お前の敵は……、あのバーニングカイザーだと言ってたよな!」
「……はい」
睦の声は、重かった。
それでも、テュールソーディアンが左手のレーヴァテインに力を入れる。
「こっちの炎の剣を受けてみろ……!」
再び走り出したテュールソーディアン。
足裏のブースターで迫るバーニングカイザーに向け、2本の剣を構える。
「ツインブレイカアアアア!」
「振り切れえええええ!」
テュールソーディアンに向けて剣を振り下ろすバーニングカイザー。
相手がオリジナルで持つ太い剣にバーニングソードを力強く叩きつけ、ぐいぐいと押す。
だが、その後ろから別の剣が押さえつけた。
「さぁ、炎を手にした!
レーヴァテイン、その力を見せろ!」
左手に力を入れるテュールソーディアン。
レーヴァテインの赤褐色のブレードが、バーニングソードの炎を受ける。
「レーヴァテインには、ダメージを食らわせるわけにはいかない!」
押さえつけてきたレーヴァテインを振りほどくことができない、バーニングカイザー。
レーヴァテインの力が、バーニングソードに食い込み始める。
「俺が落とす剣は、1本だけだ!」
バーニングカイザーが一旦後ろに下がり、剣を両手で強く構えた。
炎を剣全体に燃やし、再びテュールソーディアンに向け、ブースターで発進。
「バースト……、ブレイカアアアアアアアアア!」
力強い叫びとともに、炎が唸りを上げるバーニングソード。
両手でがっしりと構えたバーニングカイザーが、一気にテュールソーディアンに迫る。
激しく燃える剣を相手の太い剣に叩きつけ、炎に飲み込んで砕く。
「なんてパワーだ……!」
テュールソーディアンが、左手に持つレーヴァテインでバーニングソードを押さえつけようとする。
だが、バーニングカイザーがうまくかわし、テュールソーディアンの硬い鋼鉄を切り刻んだ。
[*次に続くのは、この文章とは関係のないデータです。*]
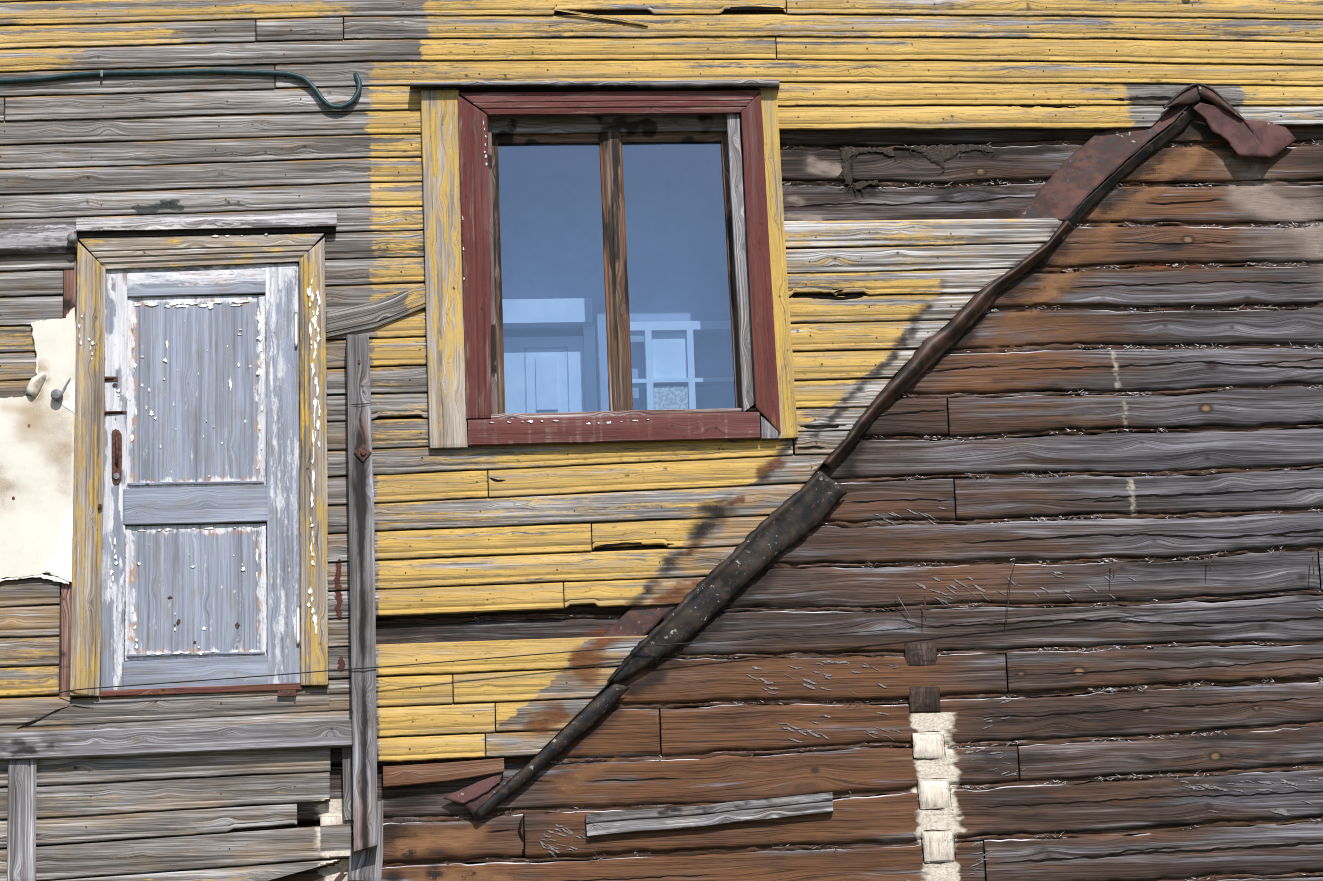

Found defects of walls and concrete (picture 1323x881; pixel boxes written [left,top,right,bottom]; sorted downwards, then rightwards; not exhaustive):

crack [725,4,786,12]
corrosion [1108,261,1208,271]
peeling [131,300,264,429]
peeling [307,280,321,566]
corrosion [756,458,786,475]
peeling [132,606,259,655]
peeling [307,587,317,634]
corrosion [655,581,700,609]
corrosion [571,630,619,682]
corrosion [528,704,568,732]
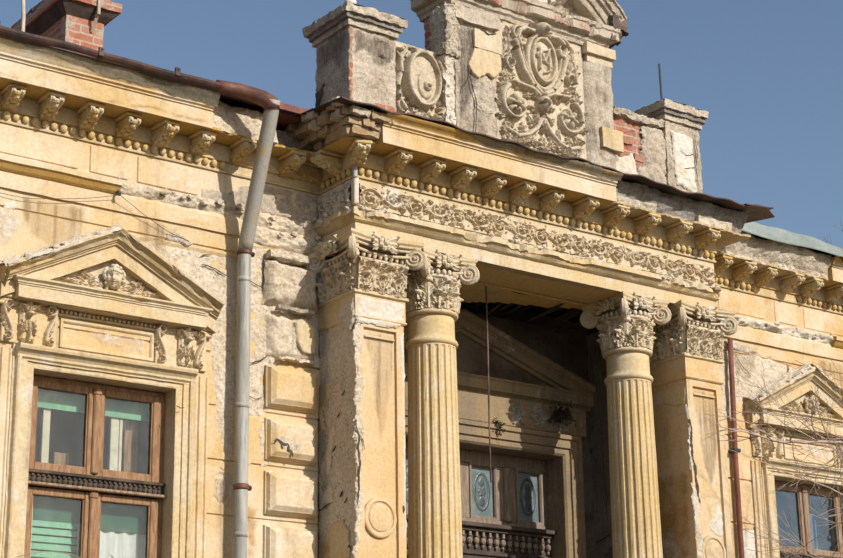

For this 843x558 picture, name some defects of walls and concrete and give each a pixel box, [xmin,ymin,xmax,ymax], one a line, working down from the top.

spalling [201,186,249,214]
spalling [259,185,329,247]
spalling [248,248,319,474]
spalling [721,343,832,418]
spalling [318,296,407,558]
flaking render [652,387,694,471]
flaking render [691,483,723,558]
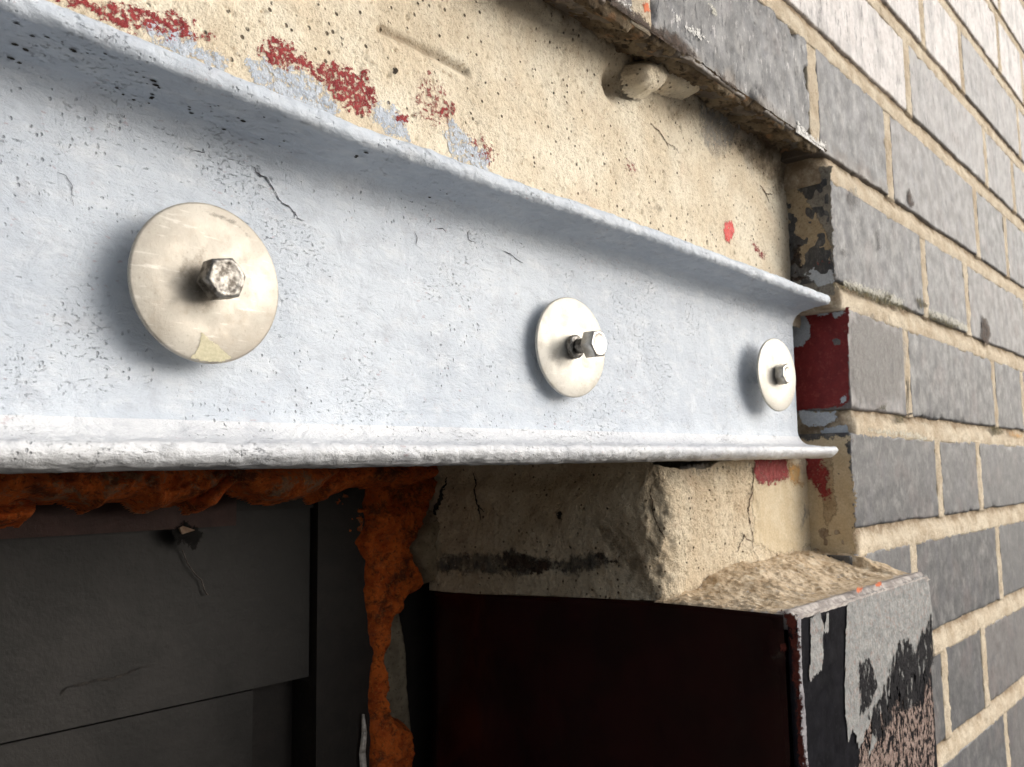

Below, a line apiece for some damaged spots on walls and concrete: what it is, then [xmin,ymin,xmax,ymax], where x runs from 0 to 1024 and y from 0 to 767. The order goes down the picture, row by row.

peeling [47,0,217,44]
peeling [257,35,378,116]
peeling [396,70,499,171]
crack [254,167,304,221]
peeling [792,311,850,348]
crack [433,477,447,515]
crack [473,473,484,520]
crack [738,467,756,555]
water stain [436,548,620,577]
peeling [809,612,829,682]
peeling [844,574,938,767]
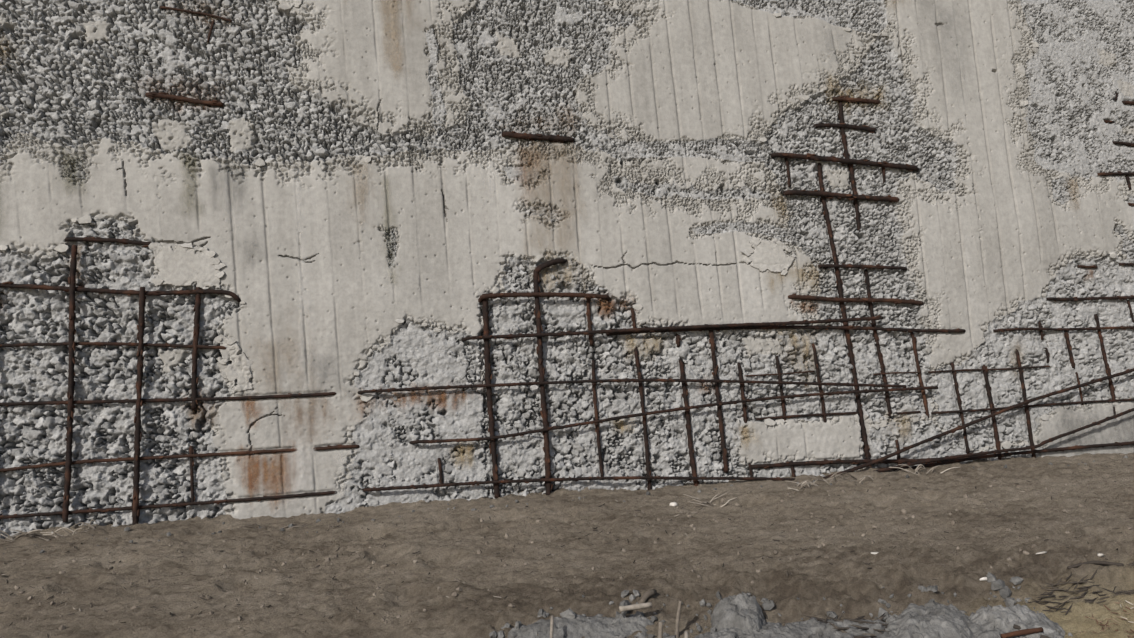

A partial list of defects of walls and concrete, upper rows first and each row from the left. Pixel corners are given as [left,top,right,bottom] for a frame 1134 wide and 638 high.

peeling [277,0,302,11]
spalling [0,16,156,133]
peeling [222,149,265,167]
spalling [167,70,412,163]
spalling [425,0,623,153]
spalling [772,0,902,138]
spalling [1020,0,1134,205]
crack [592,252,751,269]
peeling [741,200,893,278]
spalling [0,215,254,539]

斬り裂かれた体に火が回り、テュールソーディアンの体が激しい爆音を立てて砕け散る!
バーニングカイザーが、爆発した相手に剣先を降ろす。
剣の炎は、まだ燃え上がっていた。
「……あっ!」
再び持ち主を失ったレーヴァテインが三たび校庭に落ち、白い光に飲み込まれて消えていった。
同時に煌は、バーニングカイザーの声を感じ取った。
『レーヴァテインには、我が剣をはるかに超える力が眠っている。
力を解放できれば、文字通り最強の炎の剣となるだろう』
「バーニングカイザーは分かるんだ……。
全然パワーを出せなかったのに」
バーニングカイザーの見下ろす先に、人間の姿に戻った睦が応援席で立ったまま動けなかった。
自らを破ったロボットへ振り向くことなしに。
『我が炎が触れた時、レーヴァテインに鼓動を感じたからな。
今すぐにでも我が力にしたいものだ』
「そうか……」
相手を打ち破った剣の炎が、少しずつ消えていく。
ほとんど炎が上がらなくなったバーニングソードを、勇者は見た。
「バーニングカイザーの力を最も出せる剣は、バーニングソード。
俺は、使うたびにそれを感じるよ。
勇ましさに満ちた、とてつもない炎の力を」
『そうか……。
魂を操る者の感覚は、また違ってくるのかも知れないな』
バーニングカイザーの体が、白い光に飲み込まれる。
そこでようやく、睦が振り返ったように見えた。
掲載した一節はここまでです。